-------- Source records --------
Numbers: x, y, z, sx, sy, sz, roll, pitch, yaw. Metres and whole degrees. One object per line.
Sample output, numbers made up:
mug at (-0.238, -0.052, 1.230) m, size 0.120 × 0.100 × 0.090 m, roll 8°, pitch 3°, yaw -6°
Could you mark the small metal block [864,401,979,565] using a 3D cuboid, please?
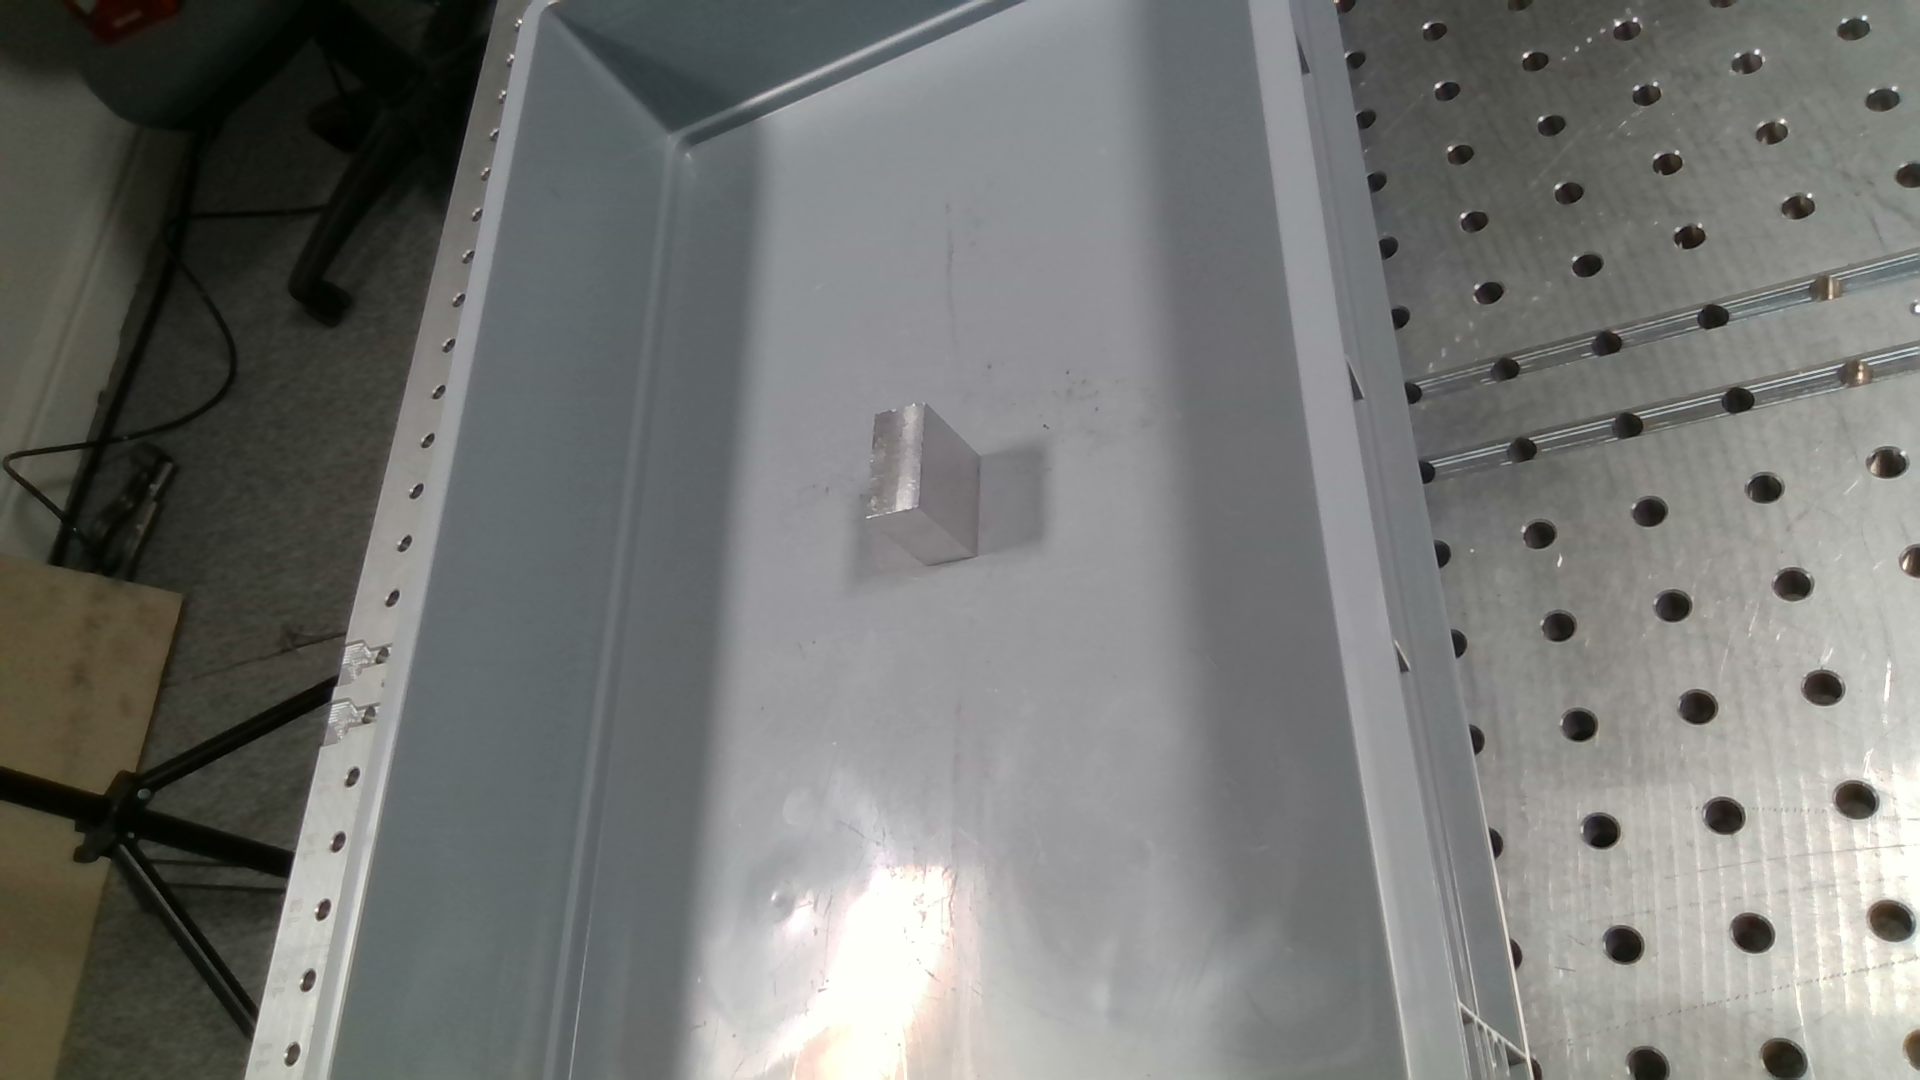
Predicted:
small metal block at (-0.015, -0.023, 0.587) m, size 0.025 × 0.050 × 0.050 m, roll -11°, pitch 60°, yaw 26°
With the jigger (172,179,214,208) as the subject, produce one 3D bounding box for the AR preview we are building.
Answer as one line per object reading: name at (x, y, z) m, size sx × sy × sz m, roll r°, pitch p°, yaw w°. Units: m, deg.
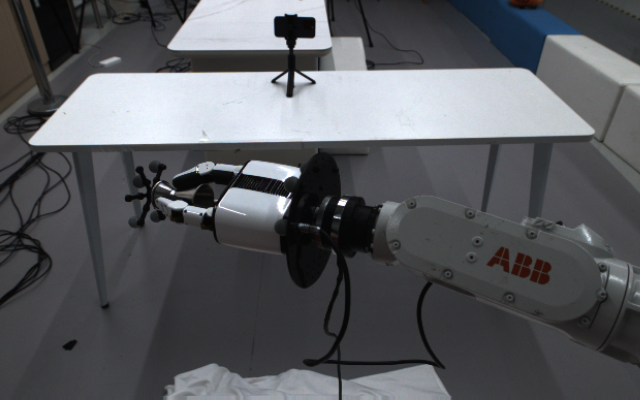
jigger at (-0.172, -0.005, 0.625) m, size 0.071 × 0.043 × 0.043 m, roll 6°, pitch 34°, yaw 22°
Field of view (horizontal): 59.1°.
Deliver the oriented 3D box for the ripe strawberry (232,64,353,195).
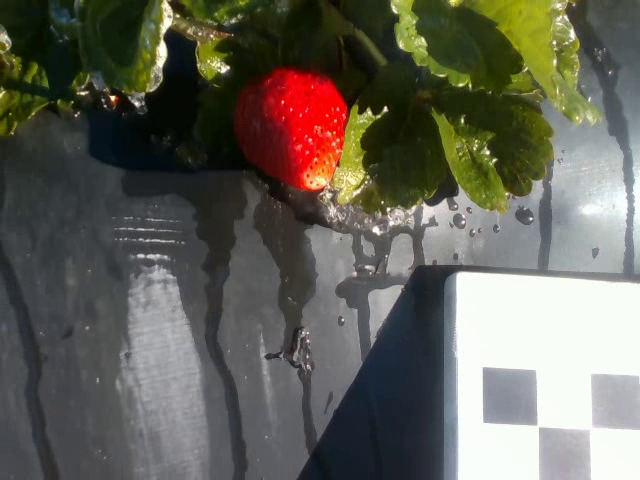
[{"bbox_3d":[-0.007,-0.032,0.176,0.041,0.047,0.053,-3,41,-4],"label":"ripe strawberry"}]
--------
**What you are asked to do**: Write out an exact reproduction of the lines from the line that holds "With the jigger" to the bottom of the listing above, both ends included. Exclude pictures.

**Written solution**:
With the jigger (172,179,214,208) as the subject, produce one 3D bounding box for the AR preview we are building.
Answer as one line per object reading: name at (x, y, z) m, size sx × sy × sz m, roll r°, pitch p°, yaw w°. Units: m, deg.
jigger at (-0.172, -0.005, 0.625) m, size 0.071 × 0.043 × 0.043 m, roll 6°, pitch 34°, yaw 22°
Field of view (horizontal): 59.1°.
Deliver the oriented 3D box for the ripe strawberry (232,64,353,195).
[{"bbox_3d":[-0.007,-0.032,0.176,0.041,0.047,0.053,-3,41,-4],"label":"ripe strawberry"}]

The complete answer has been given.